Watchers | ARGUS Docs

Overview

ArgusWatcheris what you interact with. It hooks into your graph, records every node's execution, runs detectors, and produces traces. One watcher per run.

Basic Usage

Three ways to set up. Pick whichever fits your code:

python

from argus import ArgusWatcher

# Option A — pass graph to constructor (recommended)
watcher = ArgusWatcher(graph)
app = graph.compile()
result = app.invoke(initial_state)

# Option B — separate watch call
watcher = ArgusWatcher()
watcher.watch(graph)
app = graph.compile()
result = app.invoke(initial_state)

# Option C — after compile
watcher = ArgusWatcher()
app = graph.compile(checkpointer=memory)
app = watcher.watch_compiled(app)
result = app.invoke(initial_state)

Runs save automatically for linear and fan-out graphs. Cyclic graphs need a manual watcher.finalize() call.

Parameters

Everything is optional. Pass to the constructor to override config file and environment variable values.

Core

graphStateGraph

LangGraph graph to monitor. If passed, watch() is called automatically.

Default: None

max_field_sizeint

Max characters per captured state field. Fields exceeding this get truncated.

Default: 50_000

strictbool

Raise an exception if any detector fires. Use in CI/CD to fail builds on quality regressions.

Default: False

investigatebool | "always"

LLM root-cause investigation. True = on failure only, "always" = every node, False = off.

Default: True

Security

redact_keysset[str]

Field names to redact from stored outputs (e.g. {"password", "api_key"}).

Default: None

validatorsdict

Per-node semantic validators. Use "*" as key to run on every node. Each validator is a (bool, str) callable.

Default: None

python

# Validators — catch semantic failures
watcher = ArgusWatcher(graph, validators={
    "classify": lambda o: (o.get("label") in ["yes", "no"], "unexpected label"),
    "*":        lambda o: ("error" not in o, "error key present"),
})

"*" runs on every node.

Replay & Eval

persist_statebool

Save run records to .argus/runs/. Set False for ephemeral monitoring.

Default: True

record_httpbool

Record all external HTTP/API calls for deterministic replay.

Default: True

semantic_judgebool

LLM-powered quality judge on every node output. Requires OPENAI_API_KEY.

Default: False

judge_modelstr

Model for the semantic judge and investigation.

Default: "gpt-4o"

python

# Full example with multiple options
watcher = ArgusWatcher(
    graph,
    semantic_judge=True,
    judge_model="gpt-4o-mini",
    strict=True,
    record_http=True,
    redact_keys={"api_key", "token"},
    validators={
        "summarize": lambda o: (len(o.get("summary", "")) > 10, "Summary too short"),
    },
)

Cost

semantic_judge sends node outputs to an LLM. This adds API cost proportional to the number of nodes.
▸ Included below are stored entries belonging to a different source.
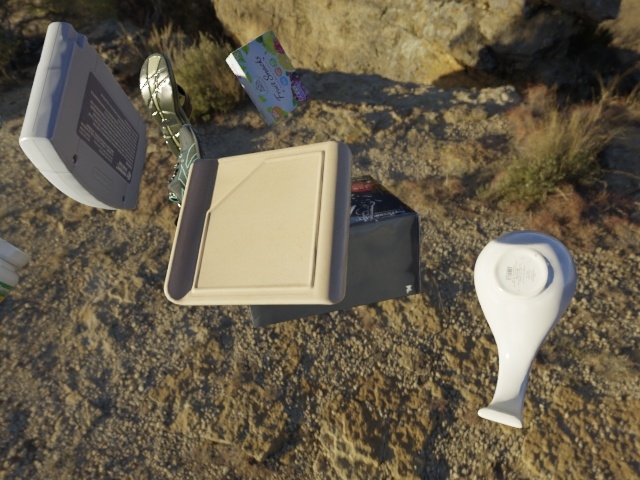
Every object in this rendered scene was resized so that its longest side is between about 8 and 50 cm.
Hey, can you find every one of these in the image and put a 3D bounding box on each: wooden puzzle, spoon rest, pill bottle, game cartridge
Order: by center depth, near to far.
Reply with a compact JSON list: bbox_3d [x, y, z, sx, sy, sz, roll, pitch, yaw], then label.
[{"bbox_3d":[-0.078,-0.021,0.562,0.238,0.044,0.221,-2,68,16],"label":"wooden puzzle"},{"bbox_3d":[0.282,0.117,0.605,0.137,0.084,0.276,7,76,33],"label":"spoon rest"},{"bbox_3d":[-0.353,-0.158,0.661,0.060,0.294,0.196,1,77,-4],"label":"game cartridge"},{"bbox_3d":[-0.709,0.092,0.859,0.117,0.117,0.208,20,66,30],"label":"pill bottle"}]

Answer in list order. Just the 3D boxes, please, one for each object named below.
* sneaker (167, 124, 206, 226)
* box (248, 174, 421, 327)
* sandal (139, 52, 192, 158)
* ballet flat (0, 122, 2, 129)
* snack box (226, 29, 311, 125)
[{"bbox_3d":[-0.312,-0.152,0.990,0.106,0.101,0.267,-13,74,-11],"label":"sneaker"},{"bbox_3d":[0.000,0.000,0.916,0.343,0.179,0.312,-11,25,-8],"label":"box"},{"bbox_3d":[-0.413,-0.370,1.189,0.120,0.303,0.086,6,38,25],"label":"sandal"},{"bbox_3d":[-0.713,-0.176,0.709,0.139,0.139,0.400,-8,33,4],"label":"ballet flat"},{"bbox_3d":[-0.096,-0.306,0.795,0.100,0.141,0.037,-42,22,-20],"label":"snack box"}]

Use it in staging/CI, not every production run.

Lifecycle

A Watcher goes through four phases:

Created — constructor called, parameters loaded
Watching — graph instrumented, ready for execution
Recording — pipeline running, capturing node data
Finalized — detectors run, forensics generated, trace stored

Single-use

A Watcher instance is single-use. After finalize, create a new Watcher for the next run. Calling watch() on a finalized Watcher raises WatcherStateError.